WHAT NEEDS TO BE DONE: Pictures in the entries below are excluded; copy only the lines from the one containing "Give me your" to the one containing "Use camera coordinates", both included.

DATA RECORDS:
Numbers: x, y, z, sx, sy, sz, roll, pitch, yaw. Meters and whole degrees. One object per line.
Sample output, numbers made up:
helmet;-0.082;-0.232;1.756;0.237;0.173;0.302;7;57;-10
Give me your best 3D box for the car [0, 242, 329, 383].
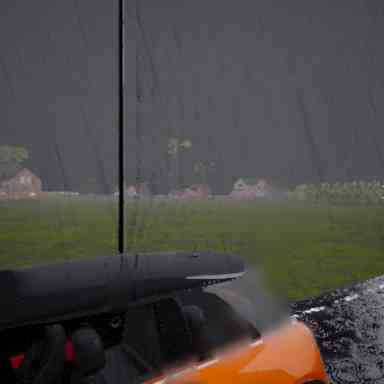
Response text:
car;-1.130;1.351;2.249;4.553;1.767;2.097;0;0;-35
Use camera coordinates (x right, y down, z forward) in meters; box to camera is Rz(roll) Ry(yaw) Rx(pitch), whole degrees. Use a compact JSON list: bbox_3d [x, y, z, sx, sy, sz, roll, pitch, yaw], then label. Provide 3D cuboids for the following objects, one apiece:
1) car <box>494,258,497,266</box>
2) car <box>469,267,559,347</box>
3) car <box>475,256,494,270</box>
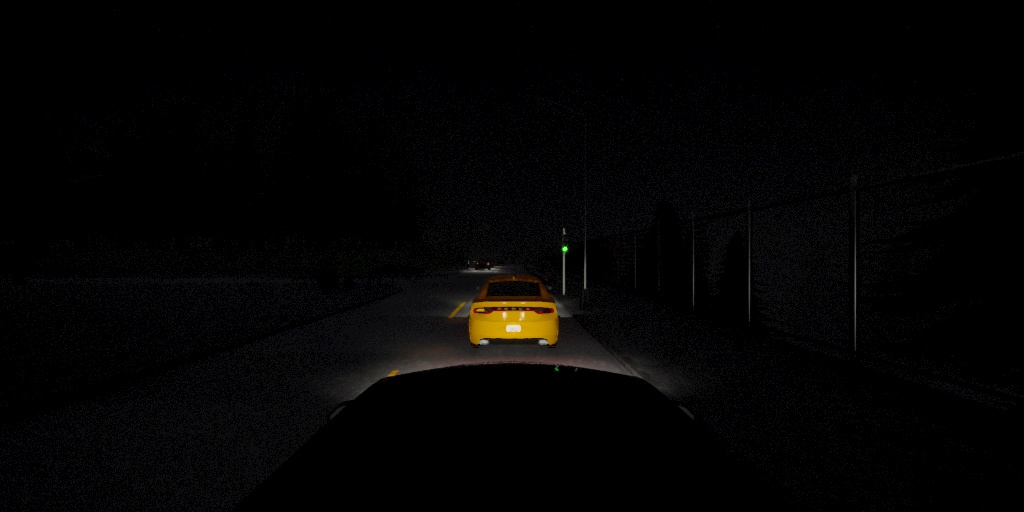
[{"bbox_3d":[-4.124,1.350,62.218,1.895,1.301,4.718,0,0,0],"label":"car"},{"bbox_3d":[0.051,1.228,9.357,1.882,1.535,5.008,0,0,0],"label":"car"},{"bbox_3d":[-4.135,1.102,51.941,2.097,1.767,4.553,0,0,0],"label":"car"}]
==
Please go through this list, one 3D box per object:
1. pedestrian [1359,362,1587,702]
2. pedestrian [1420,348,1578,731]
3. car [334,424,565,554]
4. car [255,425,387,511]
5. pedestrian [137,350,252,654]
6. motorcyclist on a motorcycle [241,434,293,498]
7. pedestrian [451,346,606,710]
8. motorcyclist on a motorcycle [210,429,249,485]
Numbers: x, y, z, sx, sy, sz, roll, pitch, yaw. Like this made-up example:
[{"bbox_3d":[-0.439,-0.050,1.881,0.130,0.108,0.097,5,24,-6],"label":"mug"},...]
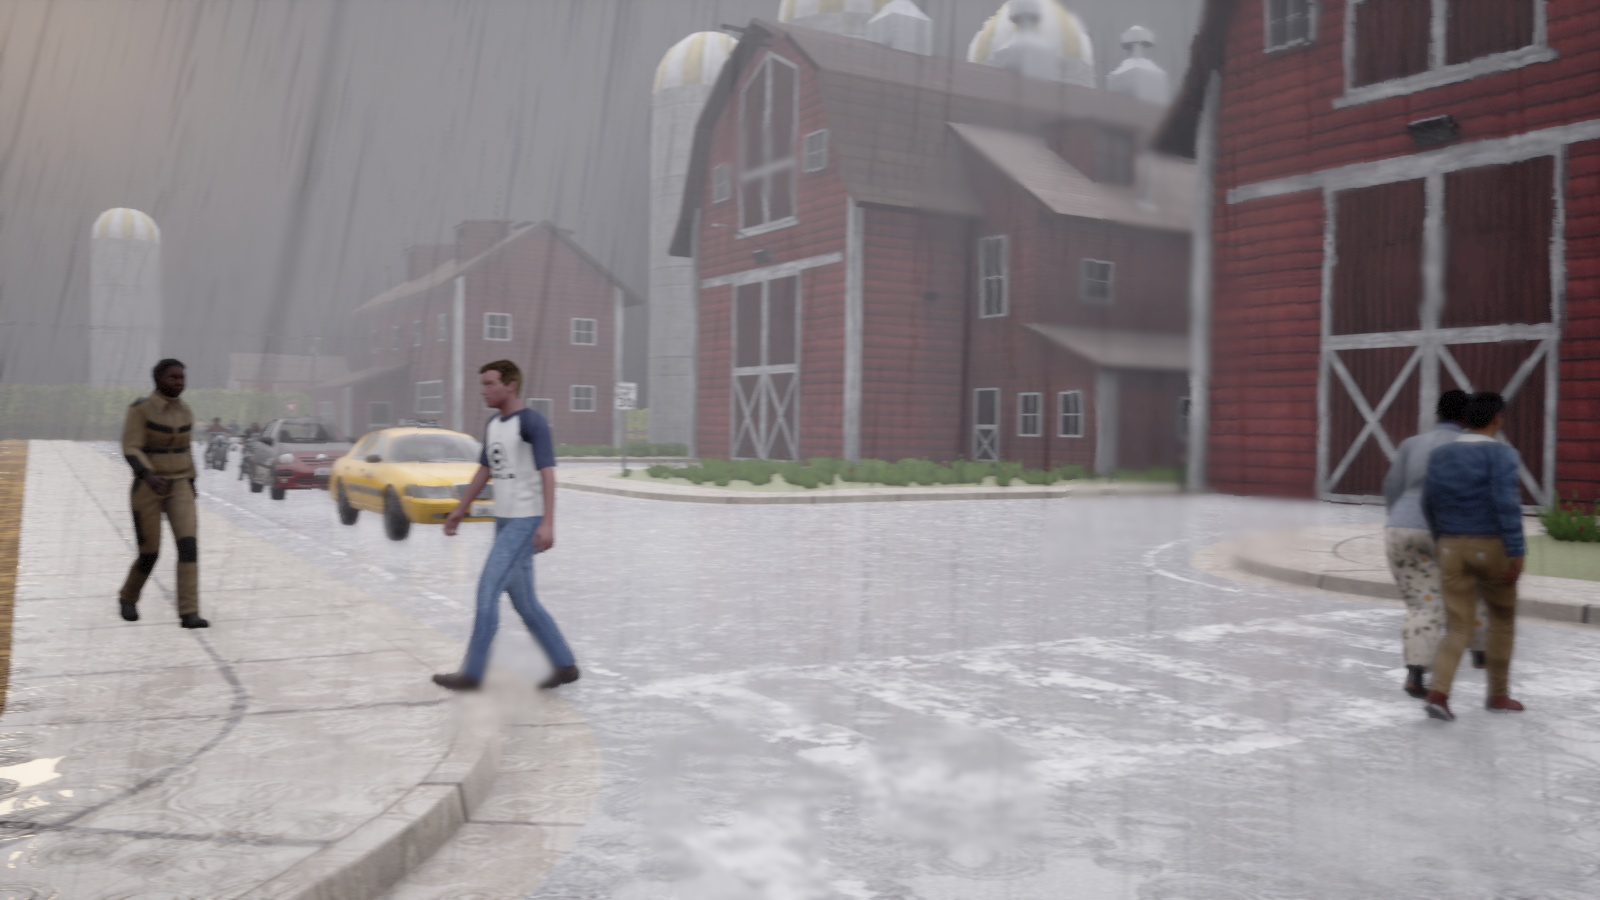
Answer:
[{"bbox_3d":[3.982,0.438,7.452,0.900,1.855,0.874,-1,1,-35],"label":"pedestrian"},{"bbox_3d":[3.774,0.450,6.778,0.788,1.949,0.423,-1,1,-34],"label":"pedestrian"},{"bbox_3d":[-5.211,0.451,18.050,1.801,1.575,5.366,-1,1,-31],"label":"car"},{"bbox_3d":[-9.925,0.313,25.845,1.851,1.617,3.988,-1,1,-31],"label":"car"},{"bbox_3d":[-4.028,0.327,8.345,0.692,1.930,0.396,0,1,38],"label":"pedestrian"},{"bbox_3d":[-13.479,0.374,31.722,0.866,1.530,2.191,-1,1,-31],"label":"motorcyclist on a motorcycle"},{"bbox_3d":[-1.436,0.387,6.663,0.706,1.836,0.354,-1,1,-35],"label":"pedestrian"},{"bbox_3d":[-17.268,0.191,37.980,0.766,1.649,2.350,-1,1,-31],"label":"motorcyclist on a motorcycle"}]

YOUR RESPONSE:
Give me your best 3D box for the car [0, 242, 329, 383].
Response text:
car;-1.130;1.351;2.249;4.553;1.767;2.097;0;0;-35
Use camera coordinates (x right, y down, z forward) in meters; box to camera is Rz(roll) Ry(yaw) Rx(pitch), whole degrees. Use a compact JSON list: bbox_3d [x, y, z, sx, sy, sz, roll, pitch, yaw], then label. Provide 3D cuboids for the following objects, one apiece:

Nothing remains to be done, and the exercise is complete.